Mr.Sandman 16/01/2024
Cachorros Sonham com Serras Elétricas?
O primeiro volume de Chainsaw Man estabelece de uma forma bastante assertiva um mundo rico e esteticamente impressionante, que ao mesmo tempo que diverte, empolga e cativa, é extremamente reflexivo, denso e recheado de alegorias. Tatsuki Fujimoto fundamenta um mundo violento e brutal, mas que mesmo com todos seus elementos fantásticos, não parece tão distante de nós.
O primeiro ponto a se considerar ao ler Chainsaw man é sua demografia. É um shounen, mas que não se adequa essencialmente aos padrões mais conhecidos dessa vertente. Por mais que vários elementos narrativos façam presença, existem mudanças pontuais que criam uma subversão das temáticas do battle shounen. O próprio protagonista é um desses pontos de virada. Denji não é a bússola moral, o bom garoto, aquele que mantém seus ideais morais mesmo quando sofre todo tipo de violência e provação. Denji é um personagem condicionado, um personagem que sofre humilhações e que vive como um pária. E quando tem seus objetivos postos, são objetivos egoístas, fúteis e essencialmente básicos. Mas é um erro pensar que isso é construído de forma leviana. Denji é assim por causa dos meios em que ele fez sua existência. Sua história, suas condições socioeconômicas. Todo seu contexto corrobora para as necessidades que ele apresenta. Denji cresceu com deficits em quase todos os aspectos. Deficits de educação e conhecimento, Deficits culturais e sociais, Deficits emocionais, afetivos e sexuais. Assim como no início ele teve que vender uma série de órgãos, ele também teve que vender seus direitos básicos para pagar uma dívida. A dívida de seu pai falecido que provavelmente levaria sua vida toda para conseguir quitar.

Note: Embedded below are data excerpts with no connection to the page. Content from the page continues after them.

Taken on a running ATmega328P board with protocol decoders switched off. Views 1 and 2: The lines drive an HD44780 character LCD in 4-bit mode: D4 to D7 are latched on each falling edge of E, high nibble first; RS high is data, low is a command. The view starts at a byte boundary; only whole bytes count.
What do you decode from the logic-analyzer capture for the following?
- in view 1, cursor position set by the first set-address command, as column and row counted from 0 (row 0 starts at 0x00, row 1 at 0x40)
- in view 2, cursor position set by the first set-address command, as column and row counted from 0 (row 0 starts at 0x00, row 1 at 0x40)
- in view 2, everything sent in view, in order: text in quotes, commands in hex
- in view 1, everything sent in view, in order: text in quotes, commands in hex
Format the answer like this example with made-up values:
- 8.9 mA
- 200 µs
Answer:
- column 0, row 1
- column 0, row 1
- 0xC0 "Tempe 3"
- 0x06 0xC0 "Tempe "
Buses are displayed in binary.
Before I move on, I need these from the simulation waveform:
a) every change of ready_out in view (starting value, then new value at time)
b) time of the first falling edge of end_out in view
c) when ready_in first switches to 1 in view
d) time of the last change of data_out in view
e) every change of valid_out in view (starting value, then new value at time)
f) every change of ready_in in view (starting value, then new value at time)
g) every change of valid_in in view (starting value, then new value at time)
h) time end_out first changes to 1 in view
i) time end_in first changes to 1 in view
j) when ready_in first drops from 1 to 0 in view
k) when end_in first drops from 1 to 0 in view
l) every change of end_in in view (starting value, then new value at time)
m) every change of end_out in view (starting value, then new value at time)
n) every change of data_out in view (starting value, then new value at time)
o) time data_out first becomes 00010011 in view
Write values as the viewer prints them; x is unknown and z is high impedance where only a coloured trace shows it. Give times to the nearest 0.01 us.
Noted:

Nesse ponto o mangá encontra sua linha reflexiva. O capitalismo e as mentalidades que o sustentam, criam situações parecidas com a do Denji. Criam cachorrinhos domesticados e domesticáveis. Seres alienados e que são quase como escravos de um sistema que mercantiliza seus sonhos e suas necessidades mais básicas de sobrevivência. Denji representa toda uma parcela da sociedade, que está sujeita a viver com medo, e o que estabelece esse medo é justamente o dinheiro, a ganância e o status quo. Não é normal os sonhos mais ambiciosos de uma pessoa serem comer uma fatia de pão com geleia e apertar uns peitos. Mas é algo que acontece, justamente por causa dos deficits tremendos que as pessoas estão sujeitas, justamente quando marcadores sociais vão se acumulando e esses mesmos marcadores são vítimas de exclusão, preconceito e invisibilidade.

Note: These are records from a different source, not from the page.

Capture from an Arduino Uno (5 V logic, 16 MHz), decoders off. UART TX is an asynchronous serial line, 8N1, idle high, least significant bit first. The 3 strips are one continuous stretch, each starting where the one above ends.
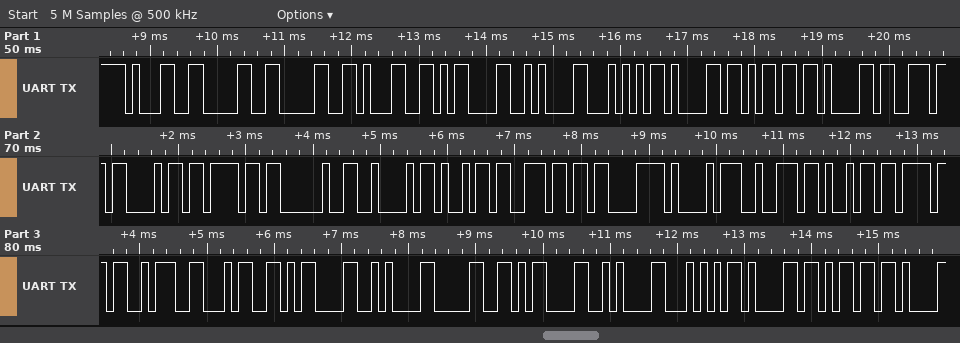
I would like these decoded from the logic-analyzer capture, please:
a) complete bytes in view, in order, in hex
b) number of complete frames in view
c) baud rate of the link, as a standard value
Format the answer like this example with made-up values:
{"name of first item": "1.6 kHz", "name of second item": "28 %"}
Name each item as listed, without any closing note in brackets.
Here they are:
{"complete bytes in view, in order, in hex": "0x31 0x30 0x30 0x31 0x0D 0x0A 0x54 0x61 0x6D 0x61 0x6E 0x68 0x6F 0x20 0x42 0x69 0x6E 0xC3 0xA1 0x72 0x69 0x6F 0x3A 0x34 0x0D 0x0A 0x30 0x0D 0x0A 0x54 0x61 0x6D", "number of complete frames in view": "32", "baud rate of the link, as a standard value": "9600 baud"}

É muito interessante um mangá shounen estabelecer essas reflexões. Para mim, são muito claras nesse primeiro volume. E mostra também como esse sistema se alimenta da exploração contínua. Denji era explorado pela máfia. Depois Denji é explorado pela Makima (que representa o governo). Makima domestica Denji por meio de seus sonhos e desejos. Ela se fundamenta como a única forma dele realizá-los, ela o condiciona dentro de um jogo de contratos. Chainsaw Man é sobre contratos. É sobre vender sua alma ao "demônio", é sobre trocas que se fazem de equivalentes, mas que nunca são.

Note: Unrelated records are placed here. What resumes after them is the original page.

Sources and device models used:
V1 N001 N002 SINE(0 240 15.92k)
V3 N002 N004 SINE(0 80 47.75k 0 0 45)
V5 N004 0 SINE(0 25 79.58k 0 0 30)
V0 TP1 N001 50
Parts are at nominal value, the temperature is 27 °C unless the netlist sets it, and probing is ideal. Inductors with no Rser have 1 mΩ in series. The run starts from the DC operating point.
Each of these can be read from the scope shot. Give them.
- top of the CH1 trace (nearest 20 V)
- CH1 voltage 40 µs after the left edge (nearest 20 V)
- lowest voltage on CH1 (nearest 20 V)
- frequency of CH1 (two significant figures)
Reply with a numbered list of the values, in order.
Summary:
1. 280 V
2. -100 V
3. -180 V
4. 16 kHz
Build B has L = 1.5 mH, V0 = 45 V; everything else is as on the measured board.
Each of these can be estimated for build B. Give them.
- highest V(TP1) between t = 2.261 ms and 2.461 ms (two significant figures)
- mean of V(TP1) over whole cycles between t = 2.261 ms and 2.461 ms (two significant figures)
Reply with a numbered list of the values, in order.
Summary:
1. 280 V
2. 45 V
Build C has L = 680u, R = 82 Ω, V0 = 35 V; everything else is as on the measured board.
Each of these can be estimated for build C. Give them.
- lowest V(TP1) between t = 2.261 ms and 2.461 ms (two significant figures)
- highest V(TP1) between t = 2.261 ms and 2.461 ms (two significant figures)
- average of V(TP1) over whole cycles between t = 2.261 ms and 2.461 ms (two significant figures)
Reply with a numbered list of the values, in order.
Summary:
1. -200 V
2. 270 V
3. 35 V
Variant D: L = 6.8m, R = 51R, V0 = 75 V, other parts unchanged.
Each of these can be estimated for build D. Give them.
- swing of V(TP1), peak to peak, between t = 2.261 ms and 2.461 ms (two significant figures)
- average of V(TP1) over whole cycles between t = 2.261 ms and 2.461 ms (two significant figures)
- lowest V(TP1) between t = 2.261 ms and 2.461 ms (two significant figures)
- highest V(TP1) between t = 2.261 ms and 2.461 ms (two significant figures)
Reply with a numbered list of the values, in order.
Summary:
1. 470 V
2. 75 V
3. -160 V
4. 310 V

Dentro de toda essa dinâmica reflexiva, Chainsaw Man ainda consegue se estabelecer como um bom mangá porradeiro, já que possui cenas de ação muito bem trabalhadas e um imaginário estético muito rico. É violenta e funciona bem com o erotismo justamente por ele não ser gratuito. Existe uma concepção por trás que é muito bem feita. Além disso, também possui um humor muito bem trabalhado.
Dito isso, esse primeiro volume de chainsaw man foi muito empolgante, justamente por construir esses dois lados de uma forma bastante impressionante. Infelizmente pode ser um mangá que muitos irão ler apenas para se divertir sem refletir sobre o que foi colocado. Isso não necessariamente é um problema, mas existem boas reflexões aqui que poderiam enriquecer o senso crítico do público.
Agora uma pergunta: Cachorros Sonham com Serras Elétricas?